Based on the limited data on appropriate timing of test of cure using NAATs, test of cure should be performed 14 days after treatment in the setting of pharyngeal infections treated with the alternative regimen and 7–14 days after retreatment in the setting of suspected treatment failure.

RESEARCH PRIORITIES

Further research is needed to inform future recommendations for the optimal management of gonorrhea. Research priorities identified at the 2013 meeting included (1) evaluation of novel oral antimicrobials or novel combinations of antimicrobials for treatment of gonorrhea; (2) pharmacokinetic models for ceftriaxone and azithromycin in the treatment of gonorrhea at urethral, cervical, rectal, and pharyngeal sites; and (3) evaluation of transport media for gonococcal culture, to facilitate access to gonococcal culture and antimicrobial susceptibility testing.

SUMMARY

Dual treatment with ceftriaxone 250 mg intramuscularly as a single dose and azithromycin 1 g orally as a single dose is recommended for the treatment of uncomplicated gonorrhea of the urethra, cervix, rectum, or pharynx. For urethral, cervical, and rectal infections, dual treatment with cefixime 400 mg orally as a single dose and azithromycin 1 g orally as a single dose may be used as an alternative regimen when ceftriaxone is not available. Owing to the high prevalence of tetracycline resistance in the United States, doxycycline is no longer recommended as a second antimicrobial in either the first-line or alternative dual treatment regimen. Test of cure will continue to be recommended for persons with pharyngeal infection who receive an alternative treatment regimen, but is no longer recommended for persons with urethral, cervical, or rectal infection who are treated with the alternative regimen. Based on recent data demonstrating the effectiveness of 2 new dual treatment regimens (dual treatment with either gemifloxacin 320 mg orally as a single dose and azithromycin 2 g orally as a single dose, or dual treatment with gentamicin 240 mg intramuscularly as a single dose and azithromycin 2 g orally as a single dose), these regimens may be considered for persons with cephalosporin allergy or for those persons who fail treatment following the recommended regimen.

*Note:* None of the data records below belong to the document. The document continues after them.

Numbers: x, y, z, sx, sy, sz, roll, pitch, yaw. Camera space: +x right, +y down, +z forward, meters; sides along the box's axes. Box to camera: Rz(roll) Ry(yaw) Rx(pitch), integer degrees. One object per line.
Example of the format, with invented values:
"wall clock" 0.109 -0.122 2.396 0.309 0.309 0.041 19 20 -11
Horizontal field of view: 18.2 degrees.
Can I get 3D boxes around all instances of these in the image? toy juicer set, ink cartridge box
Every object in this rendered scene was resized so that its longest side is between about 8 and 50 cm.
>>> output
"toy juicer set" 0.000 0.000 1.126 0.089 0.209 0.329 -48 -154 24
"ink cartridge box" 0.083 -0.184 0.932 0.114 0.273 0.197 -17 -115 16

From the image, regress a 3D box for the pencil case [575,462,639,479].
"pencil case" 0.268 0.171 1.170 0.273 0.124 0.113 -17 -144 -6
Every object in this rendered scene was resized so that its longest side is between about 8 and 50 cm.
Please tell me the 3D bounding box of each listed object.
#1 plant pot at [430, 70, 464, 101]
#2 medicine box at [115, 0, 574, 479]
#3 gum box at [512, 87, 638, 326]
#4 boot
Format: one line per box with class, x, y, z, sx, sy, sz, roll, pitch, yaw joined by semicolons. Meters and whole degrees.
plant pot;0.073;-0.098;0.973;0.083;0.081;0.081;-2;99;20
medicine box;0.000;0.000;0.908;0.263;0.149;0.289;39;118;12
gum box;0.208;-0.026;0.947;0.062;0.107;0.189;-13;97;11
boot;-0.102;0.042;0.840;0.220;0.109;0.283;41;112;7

Monotherapy with azithromycin 2 g orally as a single dose is no longer recommended for patients with cephalosporin allergy. Further research to identify new antimicrobials or new combinations of antimicrobials for the treatment of gonorrhea, particularly oral regimens, is urgently needed.

Acknowledgments.

We thank Hunter Handsfield, Ned Hook, Bob Kirkcaldy, Fred Sparling, and Jonathan Zenilman for providing their input on the key questions and their assistance in the development of the treatment guidelines.

Footnotes

Potential conflict of interest. Both authors: No reported conflicts.

Both authors have submitted the ICMJE Form for Disclosure of Potential Conflicts of Interest. Conflicts that the editors consider relevant to the content of the manuscript have been disclosed.

Published by Oxford University Press for the Infectious Diseases Society of America 2015. This work is written by (a) US Government employee(s) and is in the public domain in the US.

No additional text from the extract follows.